We plan to extend Iris with the following features:

- **Extended GPU Support**: Testing and optimization for other AMD GPUs.
- **RDMA Support**: Multi-node support using Remote Direct Memory Access (RDMA) for distributed computing across multiple machines.
- **End-to-End Integration**: Comprehensive examples covering various use cases and end-to-end patterns.

# Contributing

We welcome contributions! Please see our [Contributing Guide](docs/CONTRIBUTING.md) for details on how to set up your development environment and contribute to the project.

## Support

Need help? We're here to support you!
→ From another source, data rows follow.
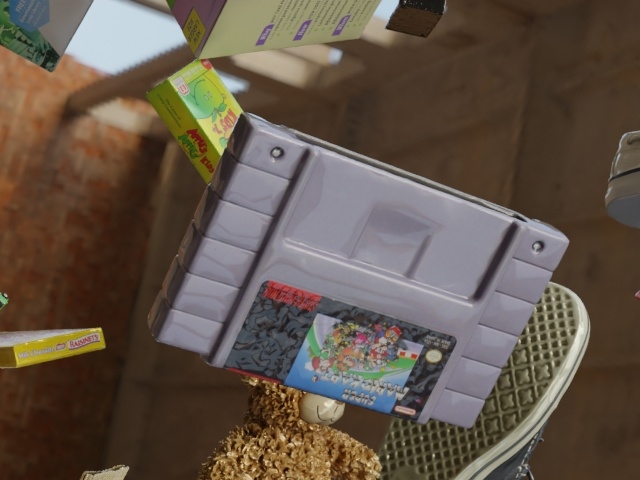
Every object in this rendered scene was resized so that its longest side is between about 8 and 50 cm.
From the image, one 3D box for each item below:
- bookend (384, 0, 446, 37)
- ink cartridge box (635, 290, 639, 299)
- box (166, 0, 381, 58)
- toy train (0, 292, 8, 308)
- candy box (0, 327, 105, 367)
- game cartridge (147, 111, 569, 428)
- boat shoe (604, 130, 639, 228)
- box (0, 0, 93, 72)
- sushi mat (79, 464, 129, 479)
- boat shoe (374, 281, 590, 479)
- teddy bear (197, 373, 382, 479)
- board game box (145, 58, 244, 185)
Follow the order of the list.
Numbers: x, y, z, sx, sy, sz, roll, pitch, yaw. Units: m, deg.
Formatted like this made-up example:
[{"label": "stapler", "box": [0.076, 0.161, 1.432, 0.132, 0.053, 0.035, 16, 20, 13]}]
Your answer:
[{"label": "bookend", "box": [0.159, -0.415, 2.403, 0.156, 0.072, 0.157, 135, -33, -82]}, {"label": "ink cartridge box", "box": [0.445, 0.034, 1.532, 0.231, 0.078, 0.134, -31, -170, -2]}, {"label": "box", "box": [-0.033, -0.337, 1.820, 0.117, 0.243, 0.213, 62, -36, 22]}, {"label": "toy train", "box": [-0.417, 0.096, 1.900, 0.083, 0.017, 0.023, -42, -165, 15]}, {"label": "candy box", "box": [-0.324, 0.113, 1.608, 0.206, 0.105, 0.027, -6, -84, 50]}, {"label": "game cartridge", "box": [0.039, 0.042, 1.442, 0.230, 0.355, 0.068, -67, -153, 11]}, {"label": "boat shoe", "box": [0.495, -0.114, 1.714, 0.367, 0.136, 0.156, -11, -121, 40]}, {"label": "box", "box": [-0.427, -0.387, 1.949, 0.232, 0.322, 0.058, -55, -166, 26]}, {"label": "sushi mat", "box": [-0.400, 0.492, 2.399, 0.019, 0.151, 0.316, 29, -83, 16]}, {"label": "boat shoe", "box": [0.187, 0.270, 2.006, 0.187, 0.156, 0.500, 37, -80, 33]}, {"label": "teddy bear", "box": [-0.039, 0.285, 1.824, 0.113, 0.245, 0.338, 13, -104, 61]}, {"label": "board game box", "box": [-0.121, -0.123, 1.829, 0.043, 0.181, 0.092, -30, -171, 34]}]

Here are a few ways to get in touch:

1. **Open an Issue**: Found a bug or have a feature request? [Open an issue](https://github.com/ROCm/iris/issues/new/choose) on GitHub
2. **Contact the Team**: If GitHub issues aren't working for you or you need to reach us directly, feel free to contact our development team

We welcome your feedback and contributions!

## How to Cite

If you use Iris or reference it in your research, please cite our work:

```bibtex
@misc{Awad:2025:IFM,
  author        = {Muhammad Awad and Muhammad Osama and Brandon Potter},
  title         = {Iris: First-Class Multi-{GPU} Programming Experience in {Triton}},
  year          = {2025},
  archivePrefix = {arXiv},
  eprint        = {2511.12500},
  primaryClass  = {cs.DC},
  doi           = {10.48550/arXiv.2511.12500}
}

@misc{Trifan:2025:EMT,
  author        = {Octavian Alexandru Trifan and Karthik Sangaiah and Muhammad Awad and Muhammad Osama and Sumanth Gudaparthi and Alexandru Nicolau and Alexander Veidenbaum and Ganesh Dasika},
  title         = {Eliminating Multi-{GPU} Performance Taxes: A Systems Approach to Efficient Distributed {LLMs}},
  year          = {2025},
  archivePrefix = {arXiv},
  eprint        = {2511.02168},
  primaryClass  = {cs.DC},
  doi           = {10.48550/arXiv.2511.02168}
}

@software{Awad:2025:IFM:Software,
  author        = {Muhammad Awad and Muhammad Osama and Brandon Potter},
  title         = {Iris: First-Class Multi-{GPU} Programming Experience in {Triton}},
  year          = 2025,
  month         = oct,
  doi           = {10.5281/zenodo.17382307},
  url           = {https://github.com/ROCm/iris}
}
```

## License

This project is licensed under the MIT License - see the [LICENSE](LICENSE) file for details.